At some point hopefully there will be enough players in Australia to justify it (maybe there already is).
 

Brett C

Frontier
Part of the game will include P2P connections to reduce lag. (I can see now the support calls as people are unclear how to setup their router to accept inbound connections on a particular port :D)

Depending upon how things go you may be best grouping with people from a similar geographic region. (Helps with time difference too :))

A lot of routers these days have a neat little daemon running on it named UPnP. It's a great little thing to have enabled, however it has its ups and downs. Auto port forwarding is pretty much what it does in a nutshell.
 
A lot of routers these days have a neat little daemon running on it named UPnP. It's a great little thing to have enabled, however it has its ups and downs. Auto port forwarding is pretty much what it does in a nutshell.

Agreed - though I am of the manual setting kind of guy - I don't trust automatic settings :D
 
There'll be a bit of suck-it-and-see during the alpha and beta at a guess, and there'll be work if the intention is a one-universe feel but localised servers to handle regional sets of players.
 
A lot of routers these days have a neat little daemon running on it named UPnP. It's a great little thing to have enabled, however it has its ups and downs. Auto port forwarding is pretty much what it does in a nutshell.

UPNP is evil ... It gets turned off straight away on any router I have ever used. Causes too many NAT problems with XBL / PSN.
 

Brett C

Frontier
UPNP is evil ... It gets turned off straight away on any router I have ever used. Causes too many NAT problems with XBL / PSN.
UPNP has its uses, not going to lie there. However, it does seem to cause problems from time to time on port forwarding. :)
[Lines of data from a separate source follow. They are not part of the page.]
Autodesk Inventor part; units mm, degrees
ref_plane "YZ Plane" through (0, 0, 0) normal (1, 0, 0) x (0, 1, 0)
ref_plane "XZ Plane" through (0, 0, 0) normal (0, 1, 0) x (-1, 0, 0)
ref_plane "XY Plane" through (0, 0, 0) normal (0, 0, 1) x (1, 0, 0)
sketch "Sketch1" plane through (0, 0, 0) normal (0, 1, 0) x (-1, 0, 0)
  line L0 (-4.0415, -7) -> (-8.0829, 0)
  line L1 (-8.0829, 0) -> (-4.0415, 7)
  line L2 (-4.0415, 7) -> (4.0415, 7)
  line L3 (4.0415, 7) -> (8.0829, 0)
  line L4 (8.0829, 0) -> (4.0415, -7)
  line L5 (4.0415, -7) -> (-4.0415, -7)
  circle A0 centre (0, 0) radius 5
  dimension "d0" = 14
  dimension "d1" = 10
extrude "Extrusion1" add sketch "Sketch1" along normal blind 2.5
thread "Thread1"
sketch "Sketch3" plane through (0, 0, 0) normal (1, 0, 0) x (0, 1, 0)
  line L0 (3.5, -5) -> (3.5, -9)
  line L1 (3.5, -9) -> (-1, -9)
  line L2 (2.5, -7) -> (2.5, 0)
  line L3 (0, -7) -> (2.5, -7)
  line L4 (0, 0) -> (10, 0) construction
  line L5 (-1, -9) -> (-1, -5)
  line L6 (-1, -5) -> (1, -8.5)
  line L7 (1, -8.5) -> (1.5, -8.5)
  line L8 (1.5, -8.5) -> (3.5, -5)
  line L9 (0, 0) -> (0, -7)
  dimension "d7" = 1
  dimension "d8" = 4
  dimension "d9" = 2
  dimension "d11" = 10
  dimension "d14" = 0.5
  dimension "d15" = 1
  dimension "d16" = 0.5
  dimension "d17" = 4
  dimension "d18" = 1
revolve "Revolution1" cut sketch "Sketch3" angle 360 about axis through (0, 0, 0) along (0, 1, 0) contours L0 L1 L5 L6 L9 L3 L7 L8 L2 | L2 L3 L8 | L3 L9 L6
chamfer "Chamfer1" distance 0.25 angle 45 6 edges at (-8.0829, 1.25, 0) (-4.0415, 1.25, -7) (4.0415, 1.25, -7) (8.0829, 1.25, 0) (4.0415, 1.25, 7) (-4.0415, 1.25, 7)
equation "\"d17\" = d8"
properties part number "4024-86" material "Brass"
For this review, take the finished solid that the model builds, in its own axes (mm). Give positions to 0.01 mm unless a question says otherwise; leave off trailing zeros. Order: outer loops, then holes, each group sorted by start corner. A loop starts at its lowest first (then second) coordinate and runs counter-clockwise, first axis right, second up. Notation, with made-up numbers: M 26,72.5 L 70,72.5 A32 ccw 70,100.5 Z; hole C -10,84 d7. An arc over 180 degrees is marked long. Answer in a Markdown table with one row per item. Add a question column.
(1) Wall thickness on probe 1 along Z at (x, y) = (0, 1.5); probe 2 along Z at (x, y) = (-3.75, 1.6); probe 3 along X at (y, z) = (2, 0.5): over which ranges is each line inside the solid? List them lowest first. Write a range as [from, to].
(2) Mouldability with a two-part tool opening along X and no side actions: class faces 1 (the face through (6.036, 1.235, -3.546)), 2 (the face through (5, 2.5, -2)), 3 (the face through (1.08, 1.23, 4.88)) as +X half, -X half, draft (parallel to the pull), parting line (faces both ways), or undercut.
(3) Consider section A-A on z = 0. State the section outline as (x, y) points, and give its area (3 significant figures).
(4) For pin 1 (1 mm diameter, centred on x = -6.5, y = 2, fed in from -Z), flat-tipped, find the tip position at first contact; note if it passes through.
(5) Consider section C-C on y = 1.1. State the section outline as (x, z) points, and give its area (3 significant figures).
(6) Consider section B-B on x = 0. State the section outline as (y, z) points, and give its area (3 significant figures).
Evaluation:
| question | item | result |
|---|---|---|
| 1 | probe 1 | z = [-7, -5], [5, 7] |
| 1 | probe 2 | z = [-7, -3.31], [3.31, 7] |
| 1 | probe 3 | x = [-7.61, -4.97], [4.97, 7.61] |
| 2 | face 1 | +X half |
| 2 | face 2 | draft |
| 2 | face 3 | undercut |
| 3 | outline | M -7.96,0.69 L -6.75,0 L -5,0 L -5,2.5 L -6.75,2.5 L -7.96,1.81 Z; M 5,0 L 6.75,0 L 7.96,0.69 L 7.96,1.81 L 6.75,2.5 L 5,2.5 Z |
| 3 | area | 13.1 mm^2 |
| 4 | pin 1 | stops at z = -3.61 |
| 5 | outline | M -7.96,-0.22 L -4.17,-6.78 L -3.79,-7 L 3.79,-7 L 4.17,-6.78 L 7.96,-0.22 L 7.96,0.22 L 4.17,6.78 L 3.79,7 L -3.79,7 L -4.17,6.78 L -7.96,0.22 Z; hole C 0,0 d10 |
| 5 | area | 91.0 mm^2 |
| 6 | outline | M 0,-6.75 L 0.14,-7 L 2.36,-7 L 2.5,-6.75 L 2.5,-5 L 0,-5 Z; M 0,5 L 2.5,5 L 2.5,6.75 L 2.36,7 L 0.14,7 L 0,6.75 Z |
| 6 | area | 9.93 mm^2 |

NAT is evil. No NAT on my network!

On which note, I hope we have IPv6 support off the bat.

Would be a good idea to suggest it in the current sticky thread. :)
 
A lot of routers these days have a neat little daemon running on it named UPnP. It's a great little thing to have enabled, however it has its ups and downs. Auto port forwarding is pretty much what it does in a nutshell.

I didnt realise that Upnp helped with latency/number of hops route to the server?
I always though it simply handled port forwarding autometically, allowing apps to use whatever ports they requested so no user intervention was required.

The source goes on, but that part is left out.